Photo from Wikimedia

Photo from Wikimedia

Raquel Douglas, Carnegie Vanguard, 2015

I’m a senior at one of the most thriving magnet schools in HISD, Carnegie Vanguard. I’ve gone here for four years. Coming here has, without a doubt, been one of the most beneficial experiences of my life thus far. Because of my time here, I’ve been awarded with opportunities I never could have dreamed of as a child growing up near Sunnyside. But, to be honest, I hate the magnet school system.

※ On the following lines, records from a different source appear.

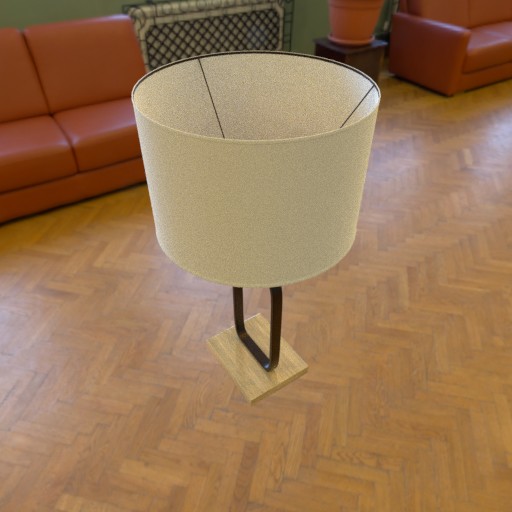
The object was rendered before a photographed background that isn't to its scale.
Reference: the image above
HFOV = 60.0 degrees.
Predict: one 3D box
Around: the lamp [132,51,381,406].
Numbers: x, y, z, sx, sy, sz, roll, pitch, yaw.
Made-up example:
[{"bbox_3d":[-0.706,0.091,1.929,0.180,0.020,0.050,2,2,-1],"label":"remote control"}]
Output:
[{"bbox_3d":[0.000,0.000,0.670,0.279,0.508,0.279,-23,46,-25],"label":"lamp"}]
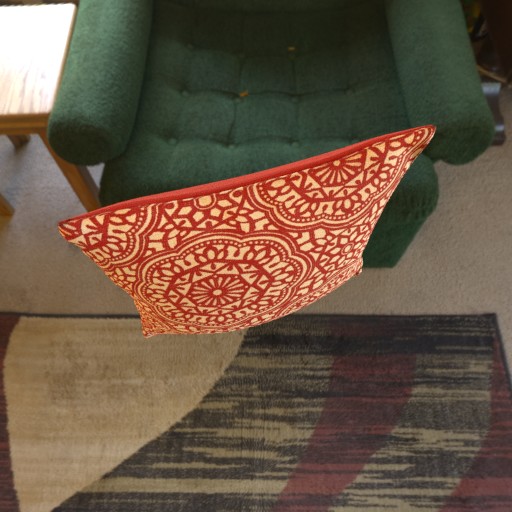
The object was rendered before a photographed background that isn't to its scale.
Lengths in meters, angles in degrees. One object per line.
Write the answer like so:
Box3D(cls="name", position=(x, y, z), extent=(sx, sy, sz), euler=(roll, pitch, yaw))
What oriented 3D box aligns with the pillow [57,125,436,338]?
Box3D(cls="pillow", position=(0.000, 0.000, 0.672), extent=(0.438, 0.419, 0.162), euler=(-16, 65, -8))
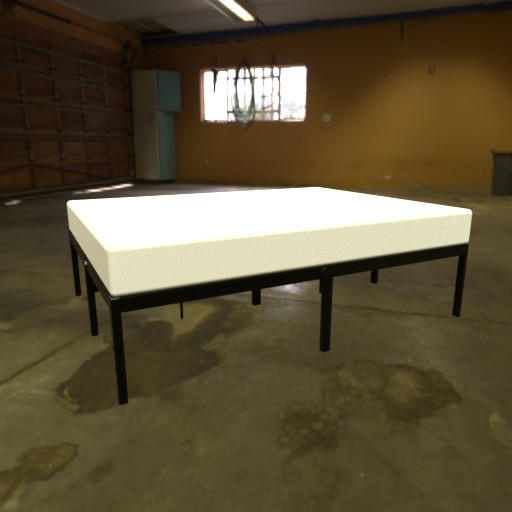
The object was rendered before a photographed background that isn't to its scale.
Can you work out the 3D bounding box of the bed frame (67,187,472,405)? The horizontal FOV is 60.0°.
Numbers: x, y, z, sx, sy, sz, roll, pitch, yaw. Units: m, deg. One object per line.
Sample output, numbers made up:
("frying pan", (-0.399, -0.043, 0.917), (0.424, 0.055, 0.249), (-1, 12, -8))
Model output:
("bed frame", (0.000, 0.000, 2.834), (2.072, 0.659, 1.557), (-7, 16, -27))
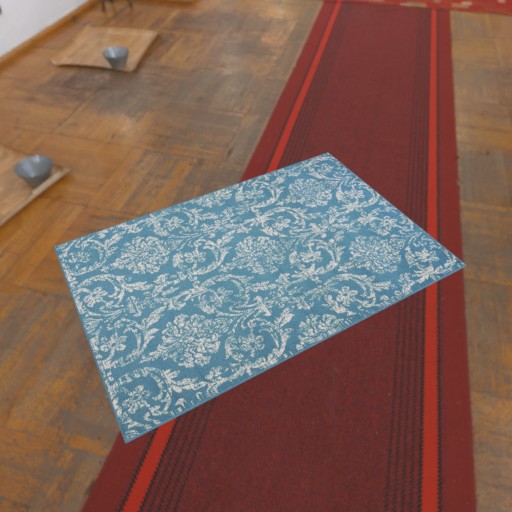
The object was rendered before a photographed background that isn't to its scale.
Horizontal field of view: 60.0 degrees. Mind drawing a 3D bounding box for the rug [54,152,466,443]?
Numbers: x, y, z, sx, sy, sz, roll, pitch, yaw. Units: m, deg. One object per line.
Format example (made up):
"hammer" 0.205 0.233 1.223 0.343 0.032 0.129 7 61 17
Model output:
"rug" 0.000 0.000 3.525 2.746 0.018 1.816 -22 50 -20
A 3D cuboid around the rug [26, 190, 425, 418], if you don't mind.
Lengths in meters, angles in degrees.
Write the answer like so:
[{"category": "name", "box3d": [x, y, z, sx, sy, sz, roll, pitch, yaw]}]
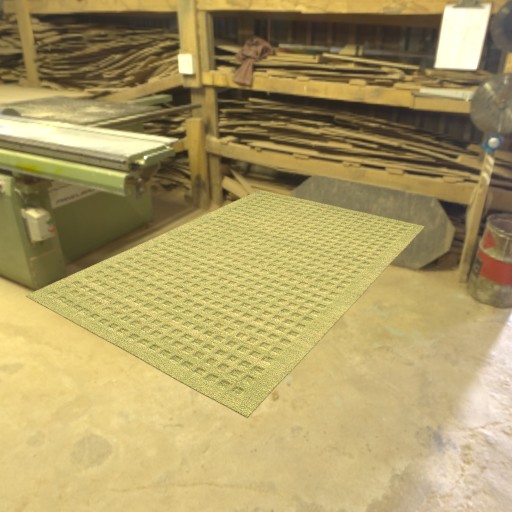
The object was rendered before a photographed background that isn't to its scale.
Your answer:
[{"category": "rug", "box3d": [0.000, 0.000, 2.914, 1.529, 0.007, 2.297, 17, 31, 31]}]
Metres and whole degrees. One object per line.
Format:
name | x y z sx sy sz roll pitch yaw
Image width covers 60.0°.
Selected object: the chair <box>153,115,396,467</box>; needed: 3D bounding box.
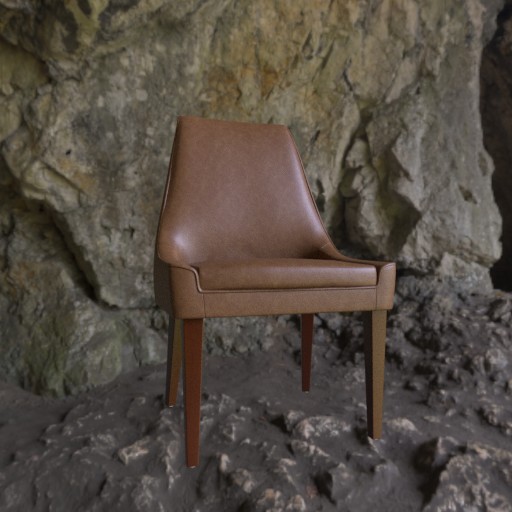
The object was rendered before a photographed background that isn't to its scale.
chair | 0.000 0.000 1.193 0.529 0.861 0.544 0 0 -18
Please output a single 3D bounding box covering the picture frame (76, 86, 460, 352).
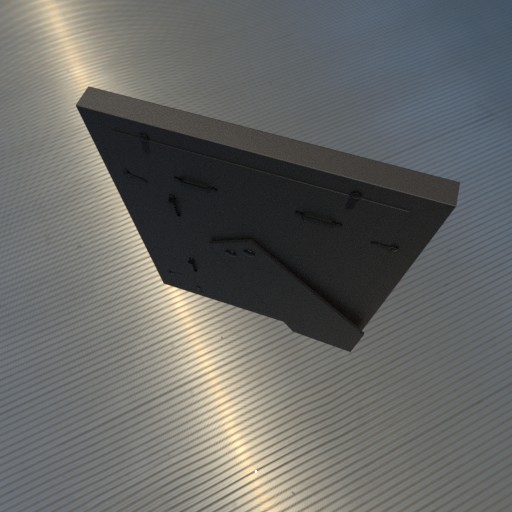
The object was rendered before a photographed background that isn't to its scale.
[{"bbox_3d":[0.000,0.000,0.514,0.307,0.383,0.036,17,65,8],"label":"picture frame"}]
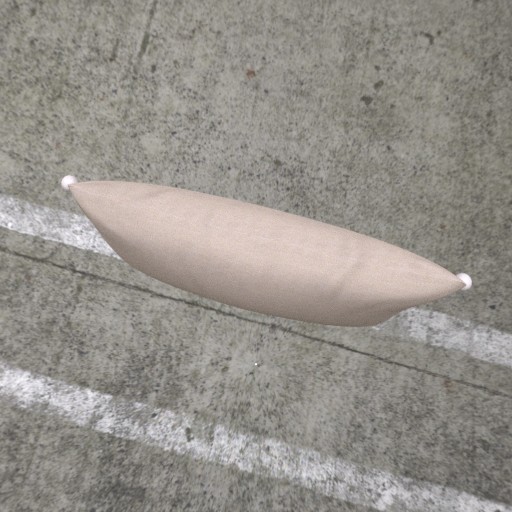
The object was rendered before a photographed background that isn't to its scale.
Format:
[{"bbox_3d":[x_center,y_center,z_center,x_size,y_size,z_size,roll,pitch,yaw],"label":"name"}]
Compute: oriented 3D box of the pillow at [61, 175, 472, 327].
[{"bbox_3d":[0.000,0.000,0.849,0.709,0.322,0.201,14,77,3],"label":"pillow"}]
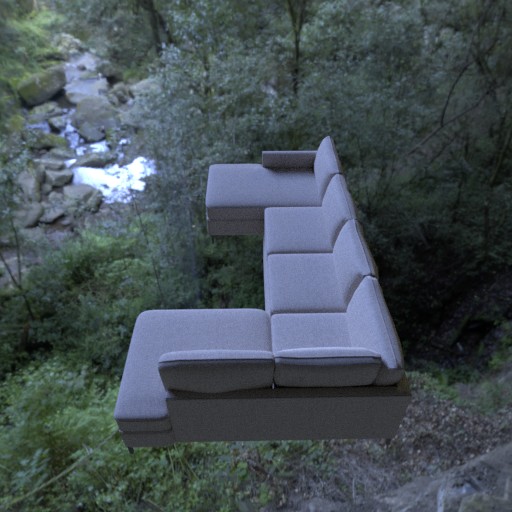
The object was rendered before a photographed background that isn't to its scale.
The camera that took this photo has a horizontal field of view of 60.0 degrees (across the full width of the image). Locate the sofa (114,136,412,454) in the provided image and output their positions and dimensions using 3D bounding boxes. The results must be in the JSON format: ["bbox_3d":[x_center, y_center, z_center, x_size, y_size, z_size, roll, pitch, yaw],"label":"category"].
[{"bbox_3d":[0.000,0.000,4.320,2.021,0.996,3.423,-1,42,-1],"label":"sofa"}]
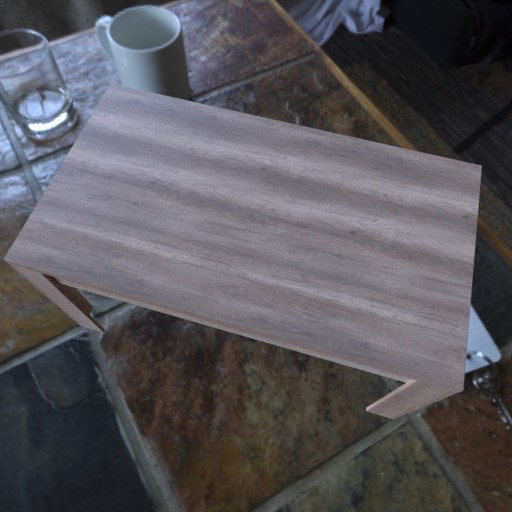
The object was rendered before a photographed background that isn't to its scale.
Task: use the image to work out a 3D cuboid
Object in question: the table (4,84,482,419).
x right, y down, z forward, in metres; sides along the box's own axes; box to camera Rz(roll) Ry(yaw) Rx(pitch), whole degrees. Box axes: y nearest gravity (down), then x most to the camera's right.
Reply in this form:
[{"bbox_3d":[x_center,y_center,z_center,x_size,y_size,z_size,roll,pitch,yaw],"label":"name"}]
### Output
[{"bbox_3d":[0.000,0.000,2.009,1.600,0.775,0.900,15,64,7],"label":"table"}]
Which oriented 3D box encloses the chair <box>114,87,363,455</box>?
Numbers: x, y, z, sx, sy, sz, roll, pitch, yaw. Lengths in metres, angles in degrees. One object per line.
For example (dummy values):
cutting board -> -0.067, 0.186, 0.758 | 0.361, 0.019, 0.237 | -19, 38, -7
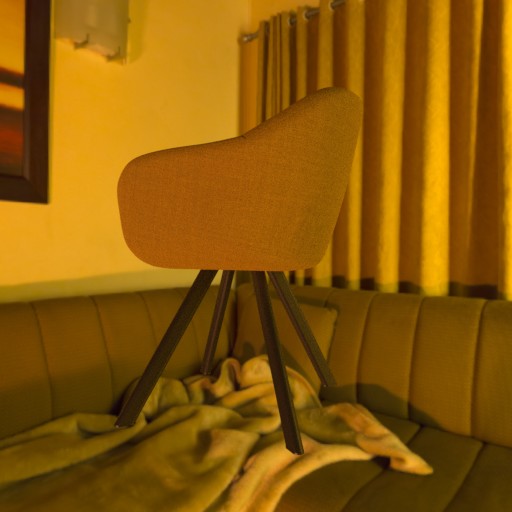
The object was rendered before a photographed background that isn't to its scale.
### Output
chair -> 0.000, 0.000, 1.179 | 0.550, 0.795, 0.590 | 1, 2, 18

Let’s abolish the magnet school system.

Let’s get rid of this idea that only certain schools should be awarded certain programs, attracting students from all over the city at the expense of “zoned” schools. Carnegie is consistently named as one of the best schools in the state and in the nation, the 3rd best public high school in Texas according to US News, and 11th in the nation by the Washington Post Challenge Index. But let’s level out the playing field, and give every student in HISD the same opportunities I had at the vanguard program at Carnegie, and many of my peers had in the IB program at Lamar or the dual credit courses at Furr or the international programs at HAIS and Sharpstown.

Rather than deem certain programs at certain schools “magnet,” HISD should give every school a program that will serve to enhance the educational and vocational experience for students all over the district. I’m not saying we should get rid of the current magnet schools like Rogers or Carnegie, but that schools that don’t have magnet programs within their school should have the opportunity to get one. Obviously, not every program will be successful and not every student should be forced into a magnet program that may not suit their interests, but every school needs to at least provide these opportunities for their students. Why can’t Cullen Middle School have a STEM program? Why don’t we add more than Fine Arts programs at Burbank and Codwell Elementary or make Looscan a Science and Math Magnet?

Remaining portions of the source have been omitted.